**Task details**: Look through the entries below and report how many lines hold the string "fill". Only the number is wanted.

Available data: Begin

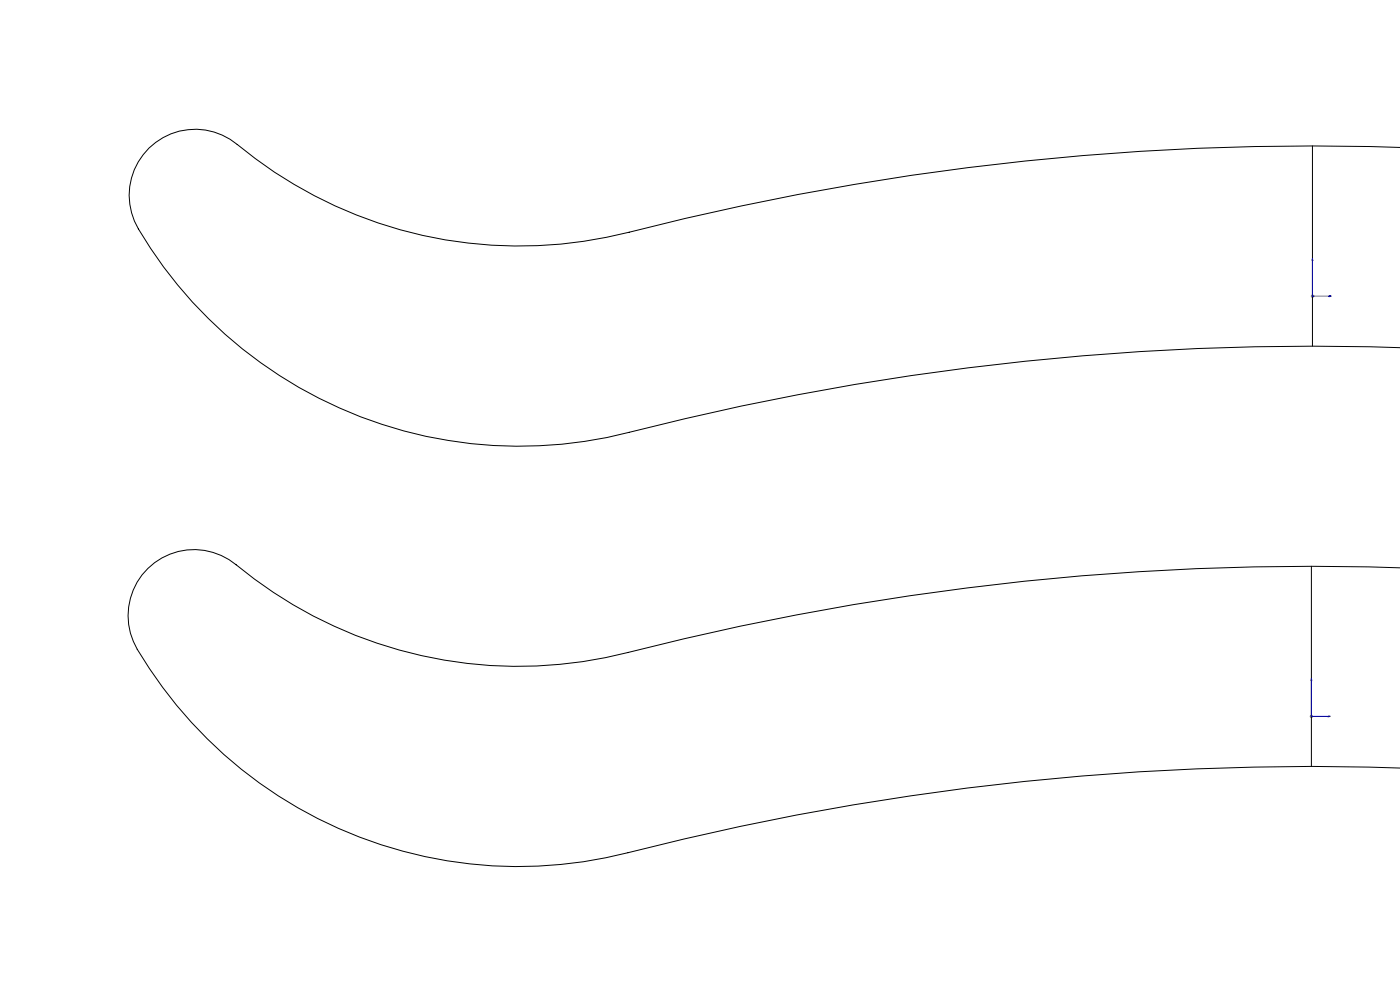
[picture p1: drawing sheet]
<svg xmlns="http://www.w3.org/2000/svg" width="420mm" height="297mm" viewBox="0 0 420 297" stroke-linecap="round" stroke-linejoin="round" font-family="sans-serif">
<path d="M393.7 77.5l.2 .5h-.3zM393.7 77.5v11.3h5.7M398.8 88.6l.6 .2-.6 .1zM393.4 203.4l.2 .6h-.3zM393.4 203.4v11.3h5.7M398.5 214.6l.6 .1-.6 .1z" fill="none" stroke="#00f" stroke-width=".3"/>
<path d="M393.2 88.8h1.1M393.4 88.4l.7 .7M393.7 88.2v1M394.1 88.4l-.7 .7M392.9 214.7h1M393.1 214.3l.7 .7M393.4 214.2v1M393.8 214.3l-.7 .7" fill="none" stroke="#808080" stroke-width=".3"/>
<path d="M393.7 43.7v60M393.4 169.7v60" fill="none" stroke="#000" stroke-width=".3"/>
<path d="M398.5 214.6l.6 .1-.6 .1zM393.4 203.4l.2 .6h-.3zM398.8 88.6l.6 .2-.6 .1zM393.7 77.5l.2 .5h-.3z" fill="#00f"/>
<path d="M420 44.2a824.6 824.6 0 0 0-231.3 25.4 132.7 132.7 0 0 1-117.5-26.3 19.8 19.8 0 0 0-25.5 .2 19.8 19.8 0 0 0-4.2 25.1 132.8 132.8 0 0 0 147.2 61 826.2 826.2 0 0 1 231.3-25.4M420 170.2a822.8 822.8 0 0 0-231.6 25.3 132.9 132.9 0 0 1-117.6-26.2 19.8 19.8 0 0 0-25.4 .2 19.8 19.8 0 0 0-4.2 25.1 132.9 132.9 0 0 0 147.2 60.9 822.8 822.8 0 0 1 231.6-25.3" fill="none" stroke="#000" stroke-width=".3"/>
</svg>

Available data: End

**Exercise answer**: 5